Original Article

Modulating the tumor microenvironment improves antitumor effect of anti-PD-L1 mAb in breast cancer

Introduction

The immune checkpoint inhibitors (ICIs), such as PD-L1 and PD-1 mAbs, can elicit strong and long-lasting immune response in a variety of solid cancers.¹ Nevertheless, the efficacy of single-agent of PD-L1/PD-1 mAbs was only 20%-40% in most solid cancer types.^2,3 Although there are multiple mechanisms involved in immune resistance of ICIs, the intra-tumor immunosuppressive microenvironment plays an important role in immune resistance of ICIs.^4,5 Thus, it is urgent to develop innovative therapeutic strategy, such as combining immunotherapy with conventional treatments, to make more cancer patients to benefit from the ICIs. The tumor microenvironment (TME) is intricate, and formed by highly heterogeneous populations of stromal cells, vasculature and extracellular matrix (ECM). Emerging data has suggested that the tumor ECM is a key factor in drug resistance and immune suppression.^2,4,5 Accordingly, blocking the immunosuppression of TME can reconstruct the normal antitumor immune defense, and enhance the therapeutic efficacy of ICIs.

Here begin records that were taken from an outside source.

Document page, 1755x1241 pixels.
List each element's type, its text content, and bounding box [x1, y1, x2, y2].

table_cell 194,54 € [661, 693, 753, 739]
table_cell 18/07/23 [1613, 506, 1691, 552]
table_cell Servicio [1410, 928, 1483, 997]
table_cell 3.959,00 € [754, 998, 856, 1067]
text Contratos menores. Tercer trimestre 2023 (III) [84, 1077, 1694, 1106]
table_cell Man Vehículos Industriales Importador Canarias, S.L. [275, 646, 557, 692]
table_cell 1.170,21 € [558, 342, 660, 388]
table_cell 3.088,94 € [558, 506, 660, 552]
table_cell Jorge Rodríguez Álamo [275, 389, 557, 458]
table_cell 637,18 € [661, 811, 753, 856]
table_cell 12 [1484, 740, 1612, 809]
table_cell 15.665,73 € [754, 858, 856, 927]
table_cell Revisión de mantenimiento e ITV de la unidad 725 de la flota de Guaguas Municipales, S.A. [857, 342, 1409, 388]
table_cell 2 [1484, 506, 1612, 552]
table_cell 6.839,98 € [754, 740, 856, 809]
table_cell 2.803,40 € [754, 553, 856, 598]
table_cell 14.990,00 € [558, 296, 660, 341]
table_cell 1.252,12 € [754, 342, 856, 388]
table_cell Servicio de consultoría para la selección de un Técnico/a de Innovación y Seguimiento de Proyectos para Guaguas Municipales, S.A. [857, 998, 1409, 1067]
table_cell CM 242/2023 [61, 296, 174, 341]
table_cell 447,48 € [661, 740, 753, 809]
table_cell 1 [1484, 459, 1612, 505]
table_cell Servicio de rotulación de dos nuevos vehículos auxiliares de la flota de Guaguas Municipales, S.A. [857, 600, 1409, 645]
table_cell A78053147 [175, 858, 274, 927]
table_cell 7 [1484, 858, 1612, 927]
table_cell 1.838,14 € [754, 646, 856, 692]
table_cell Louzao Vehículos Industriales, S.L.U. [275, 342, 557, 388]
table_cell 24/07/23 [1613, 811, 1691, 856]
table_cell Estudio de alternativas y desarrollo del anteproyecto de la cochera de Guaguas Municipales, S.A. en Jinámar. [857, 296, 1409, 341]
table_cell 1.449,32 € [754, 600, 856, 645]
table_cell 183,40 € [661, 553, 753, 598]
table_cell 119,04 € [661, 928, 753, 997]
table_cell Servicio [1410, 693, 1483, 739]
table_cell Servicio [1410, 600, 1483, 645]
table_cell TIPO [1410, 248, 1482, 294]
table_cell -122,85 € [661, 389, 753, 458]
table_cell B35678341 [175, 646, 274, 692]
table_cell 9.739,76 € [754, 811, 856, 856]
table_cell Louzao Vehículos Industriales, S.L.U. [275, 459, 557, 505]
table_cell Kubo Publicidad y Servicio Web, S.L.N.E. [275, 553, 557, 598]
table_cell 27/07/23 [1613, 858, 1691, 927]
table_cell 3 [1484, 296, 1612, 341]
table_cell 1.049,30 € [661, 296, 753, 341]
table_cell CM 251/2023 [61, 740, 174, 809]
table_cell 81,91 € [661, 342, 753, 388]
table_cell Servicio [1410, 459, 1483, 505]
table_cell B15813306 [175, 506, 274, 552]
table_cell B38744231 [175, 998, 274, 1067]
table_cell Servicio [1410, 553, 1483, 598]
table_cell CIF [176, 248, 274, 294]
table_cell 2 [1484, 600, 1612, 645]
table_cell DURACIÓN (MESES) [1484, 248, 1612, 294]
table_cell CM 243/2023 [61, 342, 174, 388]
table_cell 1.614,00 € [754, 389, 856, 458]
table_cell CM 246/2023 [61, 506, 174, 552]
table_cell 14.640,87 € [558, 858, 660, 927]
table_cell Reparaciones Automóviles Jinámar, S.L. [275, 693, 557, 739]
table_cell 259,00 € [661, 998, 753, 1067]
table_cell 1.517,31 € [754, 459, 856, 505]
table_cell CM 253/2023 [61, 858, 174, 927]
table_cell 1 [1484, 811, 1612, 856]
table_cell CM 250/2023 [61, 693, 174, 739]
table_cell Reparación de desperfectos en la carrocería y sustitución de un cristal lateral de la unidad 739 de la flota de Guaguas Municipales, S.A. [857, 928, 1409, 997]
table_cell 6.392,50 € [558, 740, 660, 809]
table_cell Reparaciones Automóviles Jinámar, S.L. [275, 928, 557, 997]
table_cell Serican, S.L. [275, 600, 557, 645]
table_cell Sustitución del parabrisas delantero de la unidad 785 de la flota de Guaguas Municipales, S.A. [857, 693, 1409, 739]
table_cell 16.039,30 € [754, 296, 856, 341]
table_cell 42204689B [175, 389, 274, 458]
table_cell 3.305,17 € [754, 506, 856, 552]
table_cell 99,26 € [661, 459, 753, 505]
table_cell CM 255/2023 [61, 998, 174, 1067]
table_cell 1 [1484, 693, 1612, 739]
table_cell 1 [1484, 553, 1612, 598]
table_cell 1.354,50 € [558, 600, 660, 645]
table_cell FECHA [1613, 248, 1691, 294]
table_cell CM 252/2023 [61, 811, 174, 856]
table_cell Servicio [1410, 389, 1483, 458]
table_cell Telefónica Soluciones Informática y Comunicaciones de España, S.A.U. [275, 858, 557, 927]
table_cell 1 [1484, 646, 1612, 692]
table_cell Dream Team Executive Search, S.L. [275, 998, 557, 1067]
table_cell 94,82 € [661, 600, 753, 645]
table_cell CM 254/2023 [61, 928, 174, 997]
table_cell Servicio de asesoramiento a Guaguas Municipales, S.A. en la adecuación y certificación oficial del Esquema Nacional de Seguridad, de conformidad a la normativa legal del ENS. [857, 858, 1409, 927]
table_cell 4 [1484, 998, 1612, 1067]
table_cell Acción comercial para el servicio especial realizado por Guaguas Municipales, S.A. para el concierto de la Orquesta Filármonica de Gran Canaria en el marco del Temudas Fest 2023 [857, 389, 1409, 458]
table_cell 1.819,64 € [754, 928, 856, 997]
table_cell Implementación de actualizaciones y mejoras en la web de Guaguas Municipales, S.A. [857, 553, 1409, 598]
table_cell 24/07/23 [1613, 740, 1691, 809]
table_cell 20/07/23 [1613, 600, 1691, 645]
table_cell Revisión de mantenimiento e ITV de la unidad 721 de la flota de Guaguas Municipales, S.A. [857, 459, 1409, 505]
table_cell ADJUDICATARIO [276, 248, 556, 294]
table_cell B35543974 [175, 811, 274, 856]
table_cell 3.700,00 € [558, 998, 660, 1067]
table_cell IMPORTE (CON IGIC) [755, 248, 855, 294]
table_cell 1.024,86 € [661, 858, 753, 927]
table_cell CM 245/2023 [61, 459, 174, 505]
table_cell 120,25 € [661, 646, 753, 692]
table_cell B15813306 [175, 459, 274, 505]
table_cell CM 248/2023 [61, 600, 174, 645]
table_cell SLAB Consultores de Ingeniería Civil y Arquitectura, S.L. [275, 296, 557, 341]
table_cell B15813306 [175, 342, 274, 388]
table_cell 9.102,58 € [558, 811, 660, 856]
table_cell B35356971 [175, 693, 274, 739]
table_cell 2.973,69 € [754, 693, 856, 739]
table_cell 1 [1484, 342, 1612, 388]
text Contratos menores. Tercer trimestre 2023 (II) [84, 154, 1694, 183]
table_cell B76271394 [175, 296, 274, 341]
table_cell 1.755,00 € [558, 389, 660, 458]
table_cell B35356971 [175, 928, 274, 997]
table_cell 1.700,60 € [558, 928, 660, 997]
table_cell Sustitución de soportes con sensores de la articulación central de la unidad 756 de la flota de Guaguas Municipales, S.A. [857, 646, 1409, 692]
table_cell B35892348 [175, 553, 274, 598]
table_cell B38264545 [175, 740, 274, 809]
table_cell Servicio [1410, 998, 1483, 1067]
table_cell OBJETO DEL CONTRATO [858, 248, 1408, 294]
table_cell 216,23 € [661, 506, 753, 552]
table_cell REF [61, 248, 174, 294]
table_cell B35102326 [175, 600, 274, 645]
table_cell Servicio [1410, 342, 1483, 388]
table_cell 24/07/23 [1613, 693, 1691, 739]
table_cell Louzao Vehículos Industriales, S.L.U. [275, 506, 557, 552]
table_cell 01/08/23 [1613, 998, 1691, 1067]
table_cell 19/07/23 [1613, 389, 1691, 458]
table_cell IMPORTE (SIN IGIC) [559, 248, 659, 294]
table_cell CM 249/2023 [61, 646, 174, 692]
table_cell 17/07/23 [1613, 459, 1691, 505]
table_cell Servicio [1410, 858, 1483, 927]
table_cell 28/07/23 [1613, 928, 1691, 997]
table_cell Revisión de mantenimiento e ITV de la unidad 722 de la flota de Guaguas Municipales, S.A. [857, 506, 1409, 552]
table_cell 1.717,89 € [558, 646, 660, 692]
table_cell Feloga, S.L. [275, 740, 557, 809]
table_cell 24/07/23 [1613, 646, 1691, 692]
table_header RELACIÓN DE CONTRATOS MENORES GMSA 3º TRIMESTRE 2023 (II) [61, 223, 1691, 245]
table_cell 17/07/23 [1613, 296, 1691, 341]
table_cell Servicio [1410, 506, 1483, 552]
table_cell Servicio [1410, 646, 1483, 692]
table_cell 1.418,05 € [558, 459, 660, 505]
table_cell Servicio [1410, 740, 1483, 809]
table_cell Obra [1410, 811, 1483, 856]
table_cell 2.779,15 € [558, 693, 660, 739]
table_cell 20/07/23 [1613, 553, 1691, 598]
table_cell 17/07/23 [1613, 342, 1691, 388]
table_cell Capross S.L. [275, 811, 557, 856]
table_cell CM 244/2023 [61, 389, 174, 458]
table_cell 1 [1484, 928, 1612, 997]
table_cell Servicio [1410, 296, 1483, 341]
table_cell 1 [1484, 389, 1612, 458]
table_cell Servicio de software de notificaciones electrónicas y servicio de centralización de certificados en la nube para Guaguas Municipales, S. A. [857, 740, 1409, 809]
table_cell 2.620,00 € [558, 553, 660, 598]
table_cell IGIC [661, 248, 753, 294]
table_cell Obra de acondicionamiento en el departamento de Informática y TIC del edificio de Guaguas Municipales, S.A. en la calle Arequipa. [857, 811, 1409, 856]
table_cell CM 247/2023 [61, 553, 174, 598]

The most abundant stromal cells in the TME are cancer-associated fibroblasts (CAFs). CAFs has the ability to promote tumor growth and immune evasion via diverse mechanisms.^4,5 The structural components in the solid TME, such as collagen type I, II and IV, as well as fibronectin, are mainly produced by alpha-smooth muscle actin (α-SMA) positive CAFs.^4,6 CAFs can also secret different kinds of soluble cytokines, such as SDF-1 and transforming growth factor-β (TGF-ß), to promote tumor cell proliferation and inhibit them apoptosis.^5,7 On the other hand, CAFs hampered the infiltration of cytotoxic T lymphocytes, while attracting immunosuppressive regulatory T lymphocytes into tumor tissue.^8,9 It is generally accepted that the dense collagen matrix can reduce blood perfusion and increase the interstitial fluid pressure, which hamper the therapeutic agents to enter into the tumor tissue.^5,6 All these indicated that targeting CAFs could enhance immunotherapeutic effect.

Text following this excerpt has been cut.